From cae2e689083a04b2ddbb93bef5313b136080df65 Mon Sep 17 00:00:00 2001
From: Maxim Dounin <mdounin@mdounin.ru>
Date: Fri, 12 Jul 2019 15:35:31 +0300
Subject: [PATCH] Perl: disabled unrelated calls from variable handlers.

Variable handlers are not expected to send anything to the client, cannot
sleep or read body, and are not expected to modify the request.  Added
appropriate protection to prevent accidental foot shooting.
---
 src/http/modules/perl/nginx.xs               | 44 ++++++++++++++++++++
 src/http/modules/perl/ngx_http_perl_module.c |  5 +++
 src/http/modules/perl/ngx_http_perl_module.h |  1 +
 3 files changed, 50 insertions(+)

diff --git a/src/http/modules/perl/nginx.xs b/src/http/modules/perl/nginx.xs
index e9db2f7d6..67ec0a564 100644
--- a/src/http/modules/perl/nginx.xs
+++ b/src/http/modules/perl/nginx.xs
@@ -110,6 +110,10 @@ status(r, code)
 
     ngx_http_perl_set_request(r, ctx);
 
+    if (ctx->variable) {
+        croak("status(): cannot be used in variable handler");
+    }
+
     r->headers_out.status = SvIV(ST(1));
 
     ngx_log_debug1(NGX_LOG_DEBUG_HTTP, r->connection->log, 0,
@@ -133,6 +137,10 @@ send_http_header(r, ...)

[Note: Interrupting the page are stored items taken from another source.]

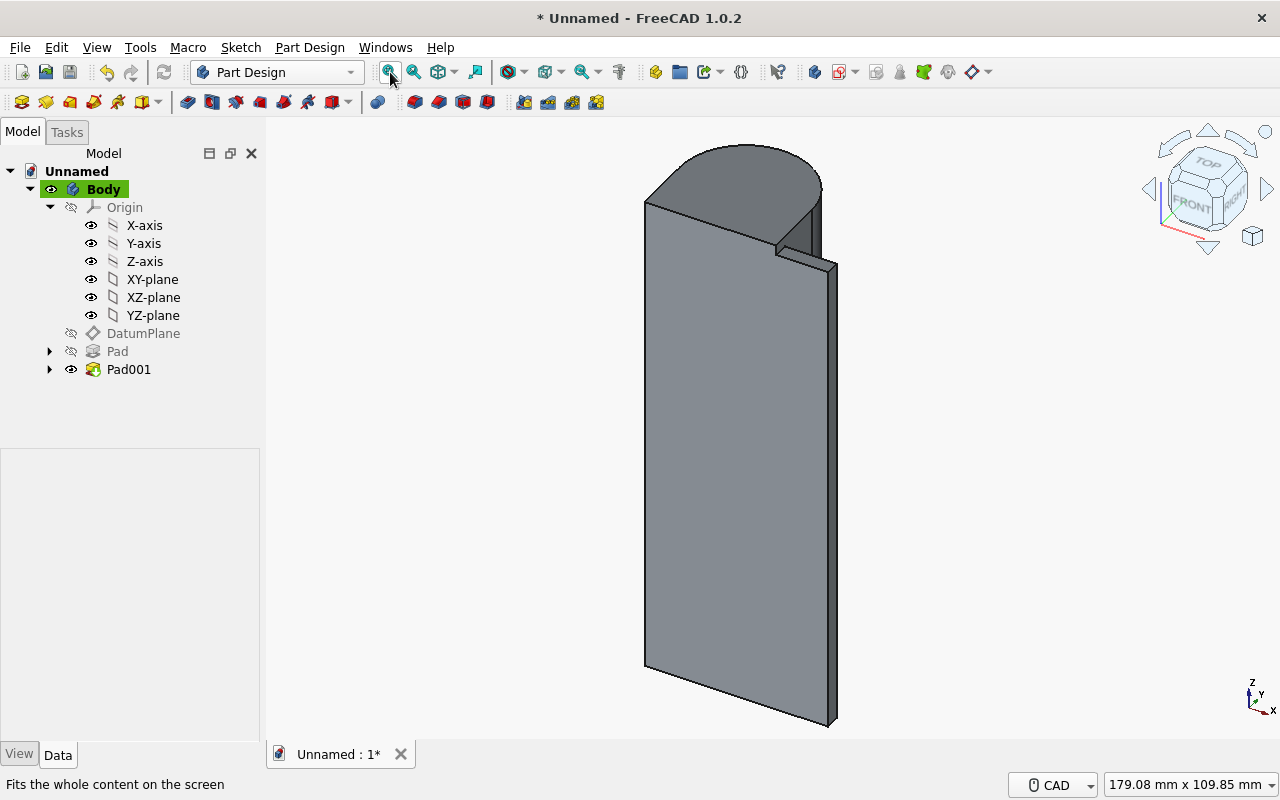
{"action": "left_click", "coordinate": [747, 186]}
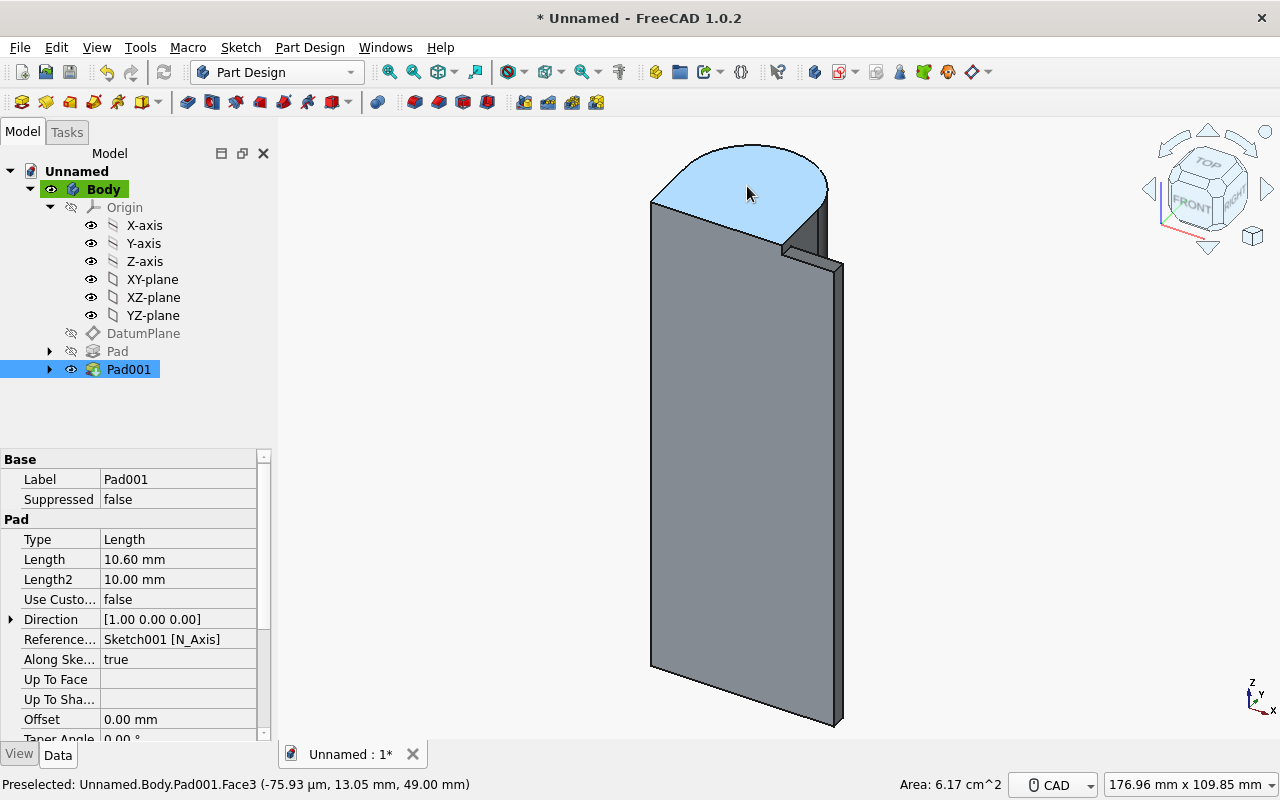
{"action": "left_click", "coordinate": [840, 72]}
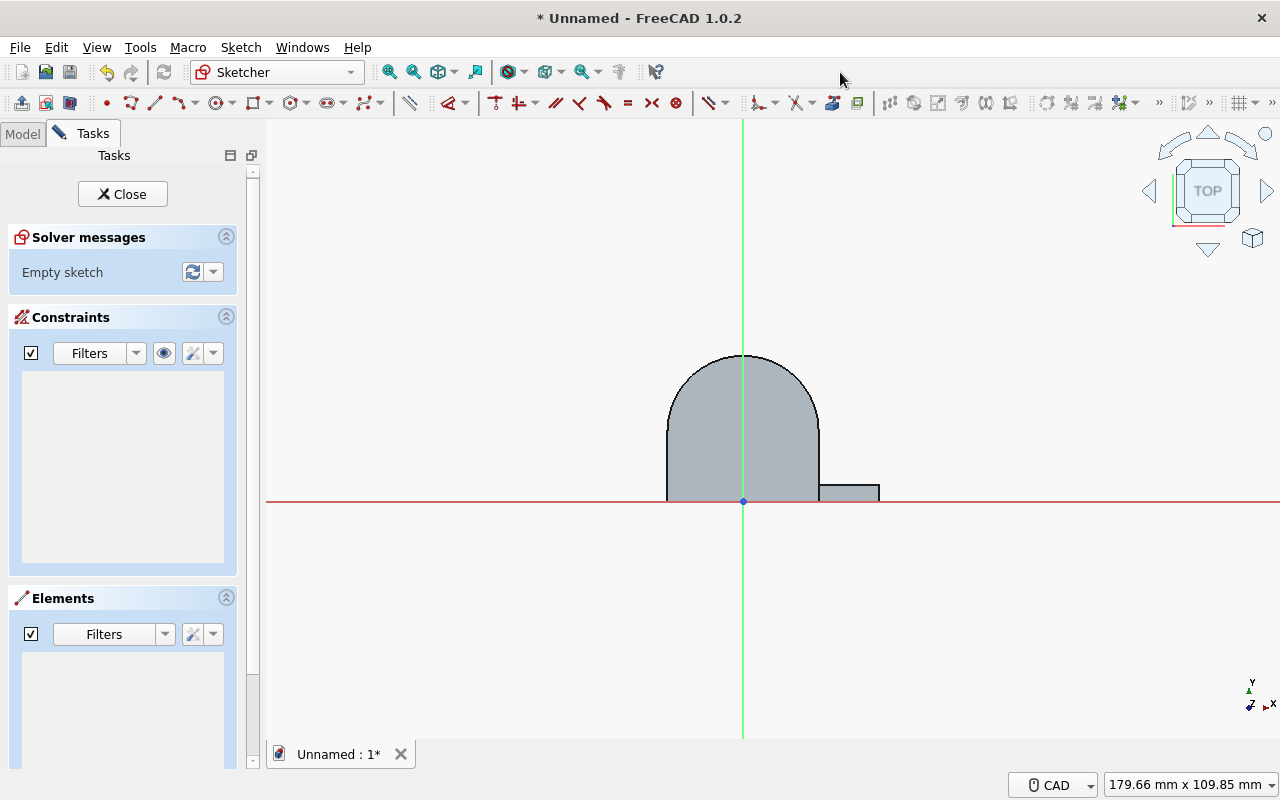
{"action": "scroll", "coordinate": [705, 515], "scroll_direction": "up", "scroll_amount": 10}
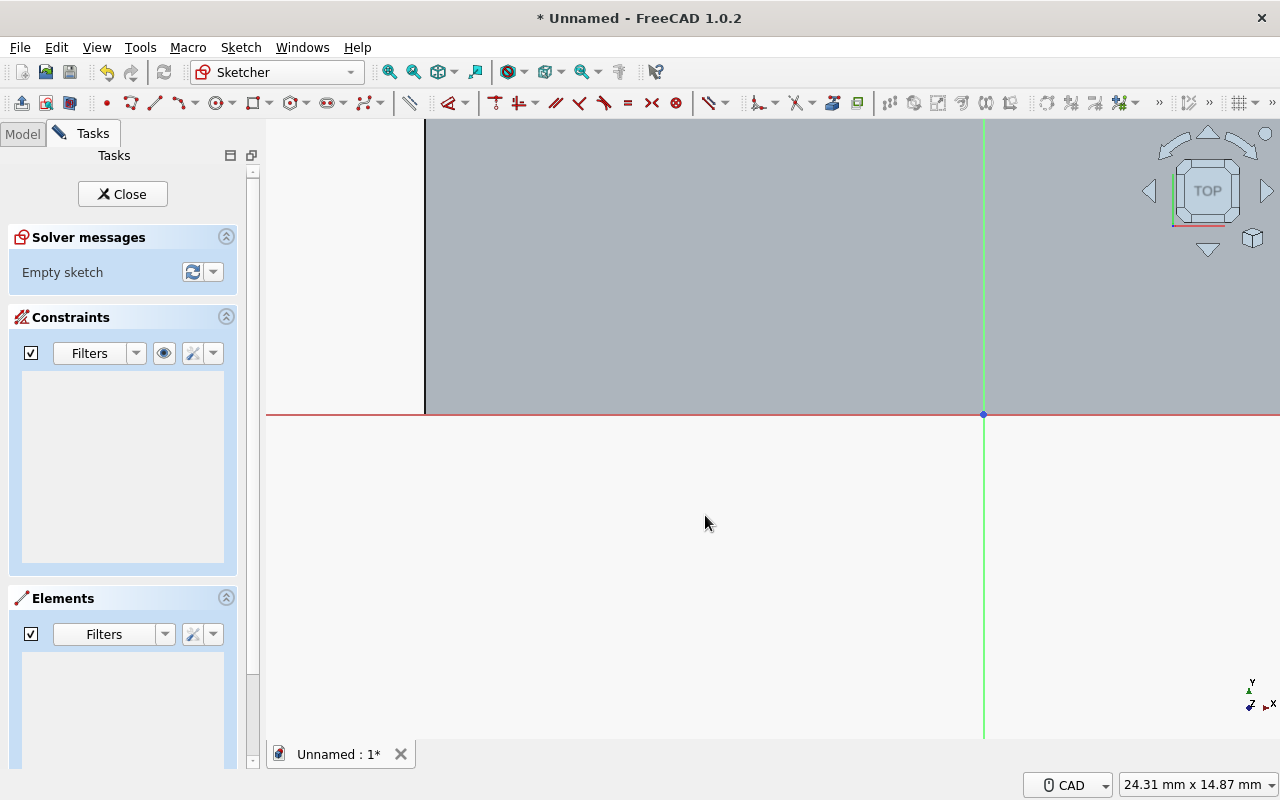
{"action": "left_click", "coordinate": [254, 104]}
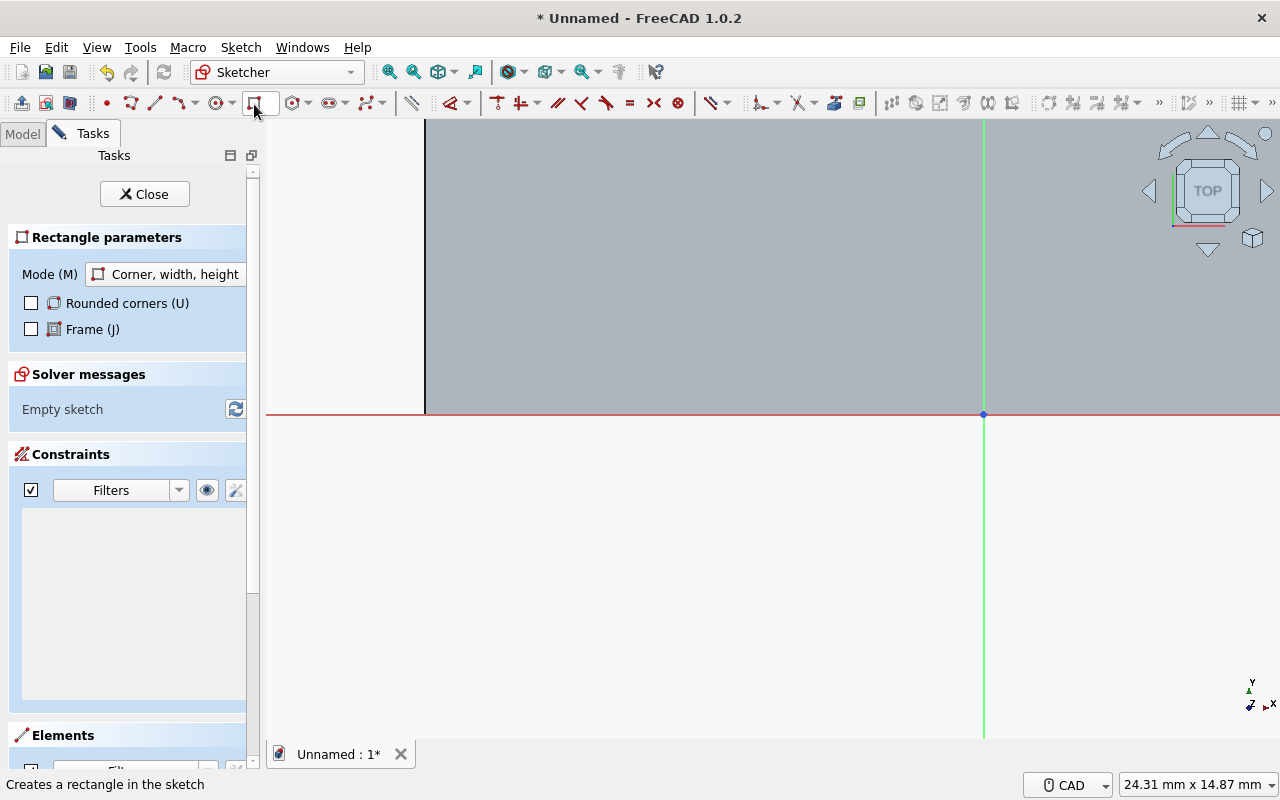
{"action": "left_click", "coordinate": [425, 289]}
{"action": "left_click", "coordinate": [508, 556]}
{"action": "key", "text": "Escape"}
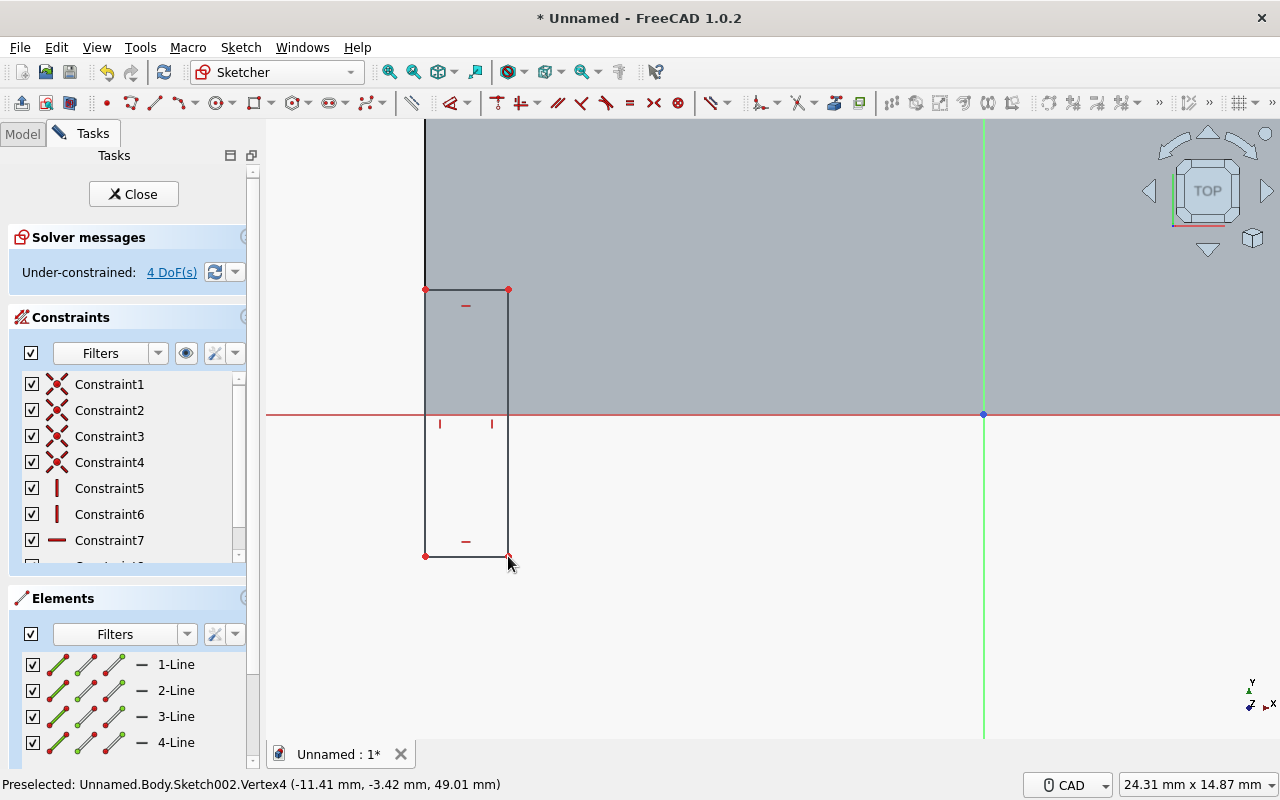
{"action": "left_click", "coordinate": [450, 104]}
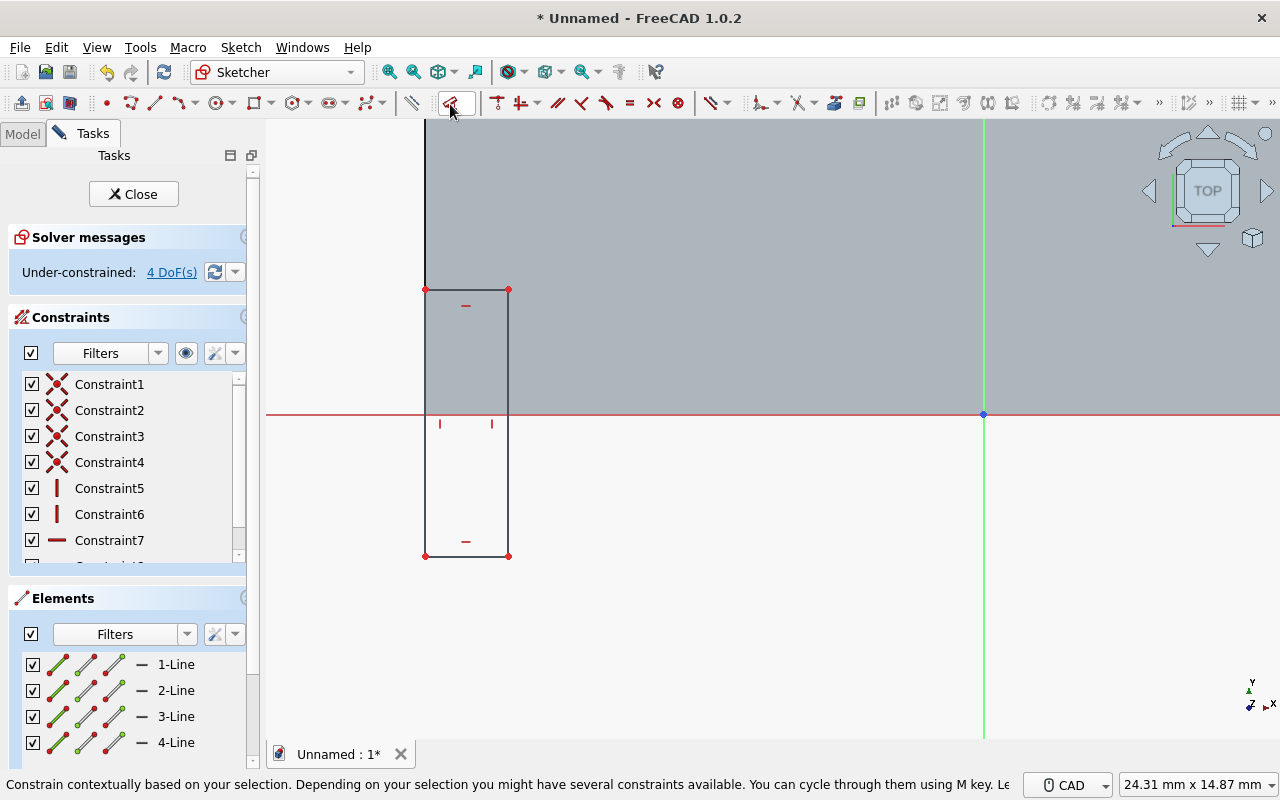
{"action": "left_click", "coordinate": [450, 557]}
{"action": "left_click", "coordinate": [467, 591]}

         croak("send_http_header(): called after error");
     }
 
+    if (ctx->variable) {
+        croak("send_http_header(): cannot be used in variable handler");
+    }
+
     if (r->headers_out.status == 0) {
         r->headers_out.status = NGX_HTTP_OK;
     }
@@ -400,6 +408,10 @@ has_request_body(r, next)
 
     ngx_http_perl_set_request(r, ctx);
 
+    if (ctx->variable) {
+        croak("has_request_body(): cannot be used in variable handler");
+    }
+
     if (ctx->next) {
         croak("has_request_body(): another handler active");
     }
@@ -526,6 +538,10 @@ discard_request_body(r)
 
     ngx_http_perl_set_request(r, ctx);
 
+    if (ctx->variable) {
+        croak("discard_request_body(): cannot be used in variable handler");
+    }
+
     rc = ngx_http_discard_request_body(r);
 
     if (rc != NGX_OK) {
@@ -551,6 +567,10 @@ header_out(r, key, value)
         croak("header_out(): called after error");
     }
 
+    if (ctx->variable) {
+        croak("header_out(): cannot be used in variable handler");
+    }
+
     key = ST(1);
     value = ST(2);
 
@@ -640,6 +660,10 @@ print(r, ...)
         croak("print(): called after error");
     }
 
+    if (ctx->variable) {
+        croak("print(): cannot be used in variable handler");
+    }
+
     if (items == 2) {
 
         /*
@@ -750,6 +774,10 @@ sendfile(r, filename, offset = -1, bytes = 0)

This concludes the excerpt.